A beautiful sunny winter’s day on 10th December brought the raptors out on view. All three common raptors showed well around the Vale and the Kestrel count was typically good, defying general opinion that their numbers are declining. One of the day’s highlights was a count of five Kestrels spaced out along the route between Hinton Crossroads and the Bricklehampton turn off, a distance of approximately 5˝ km.



The evening of 28th February 2006 was destined to be spectacularly successful for recording predatory birds in our part of south east Worcestershire.

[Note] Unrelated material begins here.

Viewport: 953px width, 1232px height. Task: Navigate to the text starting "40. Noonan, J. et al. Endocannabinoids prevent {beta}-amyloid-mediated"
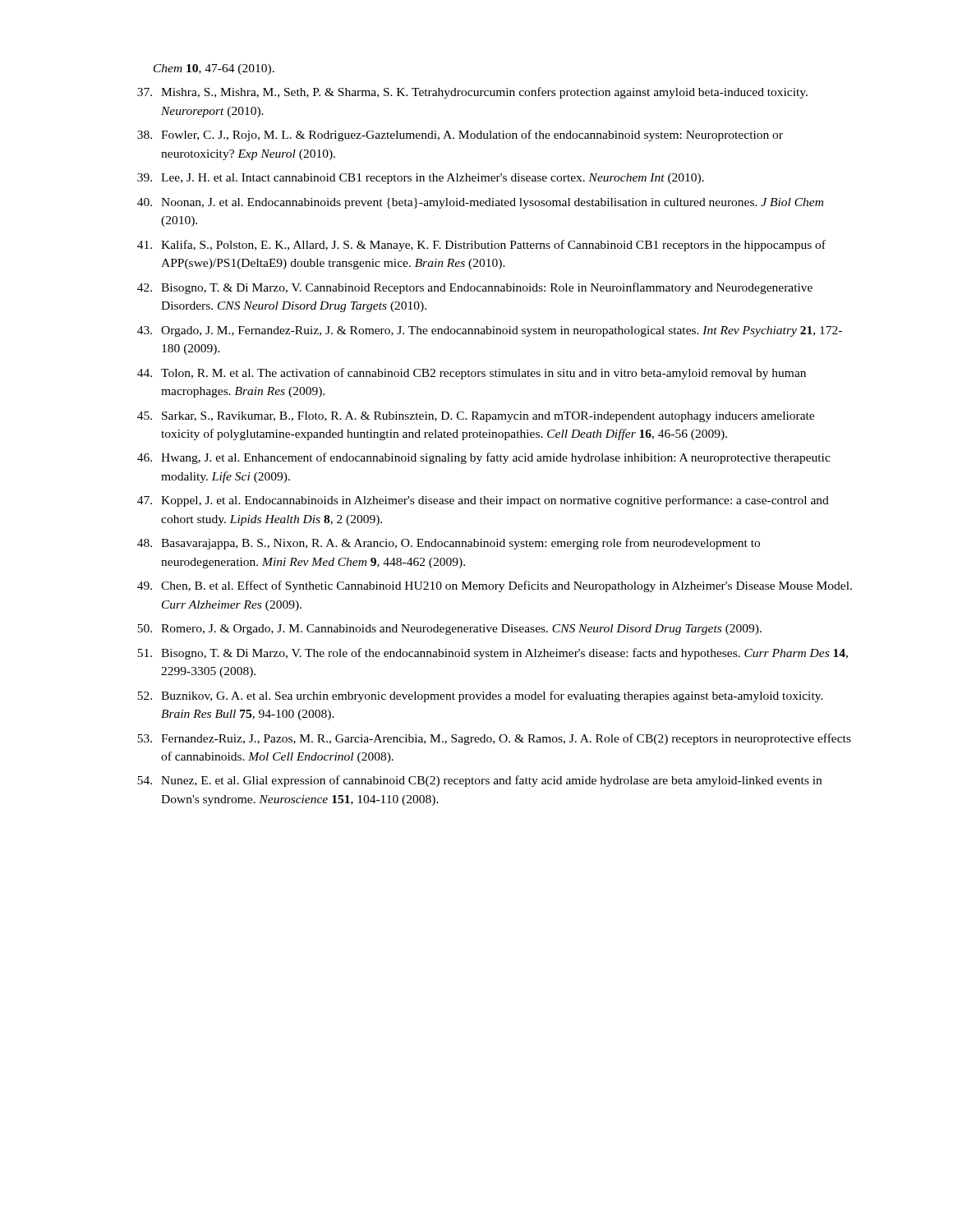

Beginning with my journey home from Broadway to Pershore on one of the lightest evenings to date, produced a fabulous hunting Barn Owl quartering a rough field near Little Comberton. This coincides with Barn Owl sightings seemingly coming out of the woodwork around the region, also confirmed by Harry Green. Only recently on 20th February had I seen a Barn Owl hunting along the Tewkesbury Road verge at Bredons Norton after 21:00 hrs. It seems the Barn Owl is making a determined effort to return to these parts the likes of which I have never before experienced.

Little Comberton Barn Owl
Picture: Christine Turner

My day however was not yet over with regard to memorable birding surprises. A dog-walk to Pershore Abbey between 19:45 and 20:00 hrs came up trumps with a real rare treat. I could not believe my eyes when fluttering around the Abbey tower like a giant moth in the floodlights, the Pershore Peregrine was having a terrible time landing on its usual roosting ledge whilst carrying prey. The falcon aborted landing many times, mostly on the west side of the Abbey, but eventually settled on the south side. After regularly monitoring this bird here since April 2005, I had never noted it using the south side. This is mainly due to most of our weather hitting this side of the Abbey making it unsuitable for roosting purposes. Tonight was purely out of necessity.

At one point I noticed the Peregrine desperately clinging to the narrow ledge with one talon and supper (thought to be a Blackbird) dangling in space in the other claw.

In my experience it is unusual for our Peregrine to bring food back to the Abbey, but when it does seems reluctant to use a more practical perch, of which there must be many, for plucking and feeding.

The big question on my mind is how rare an observation is it to see a Peregrine feeding at night time?